Kalian nanti juga tak perlu lagi merasa rindu dengan operasi tangkap tangan (OTT). Untuk apa lagi mau tangkap tangan kalau tangan kalian sudah ditangkap? Penyelidik mau menyelidik? Sabar dulu, karena sebelum menyelidik telinga kalian lebih dulu akan digelitik sampai kalian tak mampu lagi tertawa. Apalagi sang penyidik, kalian tak akan berkutik karena teriakan kalian sudah dibuat sumbang dengan berbagai bunyi-bunyian yang lebih garang. Begitulah kira-kira hidup di dalam kerangkeng.

Lebih jelasnya, janganlah lagi punya niat untuk menyadap, menyita, atau menangkap. Hal-hal seperti itu hanya akan menyusahkan dewan pengawas saja. Biarlah mereka duduk di sana dan tak memberi izin apa-apa. Kasihanilah mereka, karena mungkin mereka pun tak paham kenapa mereka ada di singgasananya.

Begini ya teman-teman pegawai KPK, kami akui, selama ini kadang kami memang iri dengan kalian. Hanya kalian yang punya keberanian melawan, termasuk dengan atasan yang gerak geriknya seperti macan. Namun, tak tahukah kalian, dengan tak pernah melawan, hidup kami menjadi lebih nyaman. Perlawanan kami sudah ditukar dengan jaminan, yang namanya jaminan hari tua. Apakah kalian masih tidak ingin hidup nyaman sampai tua?

Sudahlah, tidak usahlah lagi berantas korupsi, apalagi korupsi politik. Di politik itu tidak ada yang namanya korupsi, yang ada adalah penyaluran hobi. Makanya seringkali kalian susah-susah menangkap, tapi mereka malah tertawa dan tertiwi. Apa kalian masih tega mengganggu orang-orang yang ingin menyalurkan hobi?

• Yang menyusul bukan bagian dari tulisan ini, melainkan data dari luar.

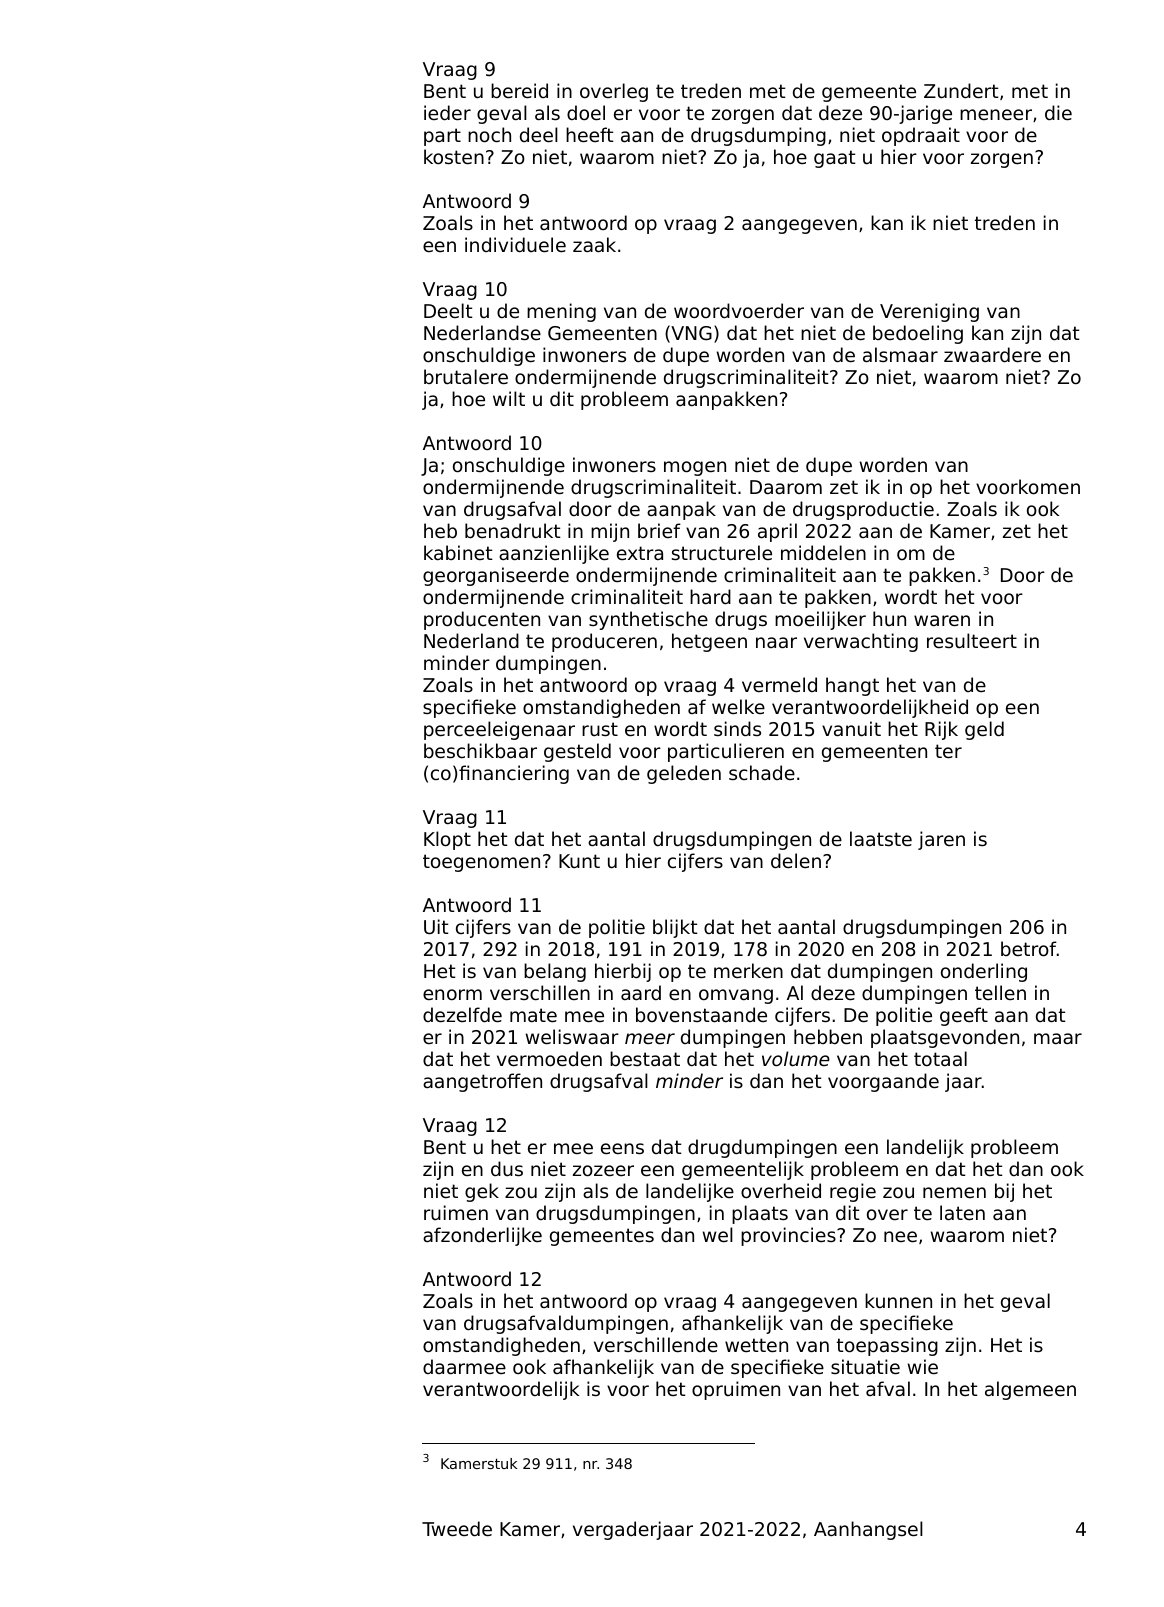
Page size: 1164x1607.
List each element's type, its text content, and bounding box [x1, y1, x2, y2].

text Zoals in het antwoord op vraag 4 aangegeven kunnen in het geval van drugsafvaldumpingen, afhankelijk van de specifieke omstandigheden, verschillende wetten van toepassing zijn. Het is daarmee ook afhankelijk van de specifieke situatie wie verantwoordelijk is voor het opruimen van het afval. In het algemeen [422, 1291, 1087, 1401]
text Zoals in het antwoord op vraag 2 aangegeven, kan ik niet treden in een individuele zaak. [422, 213, 1087, 257]
text Klopt het dat het aantal drugsdumpingen de laatste jaren is toegenomen? Kunt u hier cijfers van delen? [422, 829, 1087, 873]
text Kamerstuk 29 911, nr. 348 [422, 1452, 1087, 1474]
text Vraag 12 [422, 1115, 1087, 1137]
text Zoals in het antwoord op vraag 4 vermeld hangt het van de specifieke omstandigheden af welke verantwoordelijkheid op een perceeleigenaar rust en wordt sinds 2015 vanuit het Rijk geld beschikbaar gesteld voor particulieren en gemeenten ter (co)financiering van de geleden schade. [422, 675, 1087, 785]
text Vraag 11 [422, 807, 1087, 829]
text Antwoord 11 [422, 895, 1087, 917]
text Bent u bereid in overleg te treden met de gemeente Zundert, met in ieder geval als doel er voor te zorgen dat deze 90-jarige meneer, die part noch deel heeft aan de drugsdumping, niet opdraait voor de kosten? Zo niet, waarom niet? Zo ja, hoe gaat u hier voor zorgen? [422, 81, 1087, 169]
text Antwoord 9 [422, 191, 1087, 213]
text Antwoord 12 [422, 1269, 1087, 1291]
text Vraag 9 [422, 59, 1087, 81]
text Deelt u de mening van de woordvoerder van de Vereniging van Nederlandse Gemeenten (VNG) dat het niet de bedoeling kan zijn dat onschuldige inwoners de dupe worden van de alsmaar zwaardere en brutalere ondermijnende drugscriminaliteit? Zo niet, waarom niet? Zo ja, hoe wilt u dit probleem aanpakken? [422, 301, 1087, 411]
text Uit cijfers van de politie blijkt dat het aantal drugsdumpingen 206 in 2017, 292 in 2018, 191 in 2019, 178 in 2020 en 208 in 2021 betrof. Het is van belang hierbij op te merken dat dumpingen onderling enorm verschillen in aard en omvang. Al deze dumpingen tellen in dezelfde mate mee in bovenstaande cijfers. De politie geeft aan dat er in 2021 weliswaar meer dumpingen hebben plaatsgevonden, maar dat het vermoeden bestaat dat het volume van het totaal aangetroffen drugsafval minder is dan het voorgaande jaar. [422, 917, 1087, 1093]
text Vraag 10 [422, 279, 1087, 301]
text Antwoord 10 [422, 433, 1087, 455]
text Ja; onschuldige inwoners mogen niet de dupe worden van ondermijnende drugscriminaliteit. Daarom zet ik in op het voorkomen van drugsafval door de aanpak van de drugsproductie. Zoals ik ook heb benadrukt in mijn brief van 26 april 2022 aan de Kamer, zet het kabinet aanzienlijke extra structurele middelen in om de georganiseerde ondermijnende criminaliteit aan te pakken. Door de ondermijnende criminaliteit hard aan te pakken, wordt het voor producenten van synthetische drugs moeilijker hun waren in Nederland te produceren, hetgeen naar verwachting resulteert in minder dumpingen. [422, 455, 1087, 675]
text Bent u het er mee eens dat drugdumpingen een landelijk probleem zijn en dus niet zozeer een gemeentelijk probleem en dat het dan ook niet gek zou zijn als de landelijke overheid regie zou nemen bij het ruimen van drugsdumpingen, in plaats van dit over te laten aan afzonderlijke gemeentes dan wel provincies? Zo nee, waarom niet? [422, 1137, 1087, 1247]

Independensi? Kata siapa independensi kalian terganggu nanti? Kalian tetap bisa berdiri tegak di atas kaki sendiri meski berada di kerangkeng besi. Bahkan, kaki kalian nanti tetap bisa berlari kesana kemari, asalkan mau kompromi. Mau melarikan diri? Cari saja kunci kerangkeng kalau berani. Kalaupun berhasil keluar, kalian akan seperti orang mati yang tak pernah diingat lagi.

Satu lagi, janganlah kuatir karena kalian nanti masih bisa membangun negeri. Di bawah naungan sang Korpri, jiwa-jiwa kalian akan kembali suci dan terlindungi. Lalu mari bersama kita satukan tekad untuk menjalankan kebijakan sang politisi. Karena bagaimanapun, politisilah pemegang saham tertinggi di negeri ini. Merekalah yang paling memahami semua keinginan rakyat, melebihi rakyat yang diwakili.  Dengan menjalankan perintahnya, maka sama saja kita telah membangun negeri.

Jadi, lebih baik mari menulis saja. Editor kami tidak sama dengan dewan pengawas. Mau menulis apa saja silakan, tak perlu minta izin lebih dulu.

Kami ingin seperti kalian, tapi kami sadar diri tak akan mampu. Maka, kalian sajalah yang menjadi seperti kami. Selamat datang di birokrat menulis, wahai para pegawai KPK!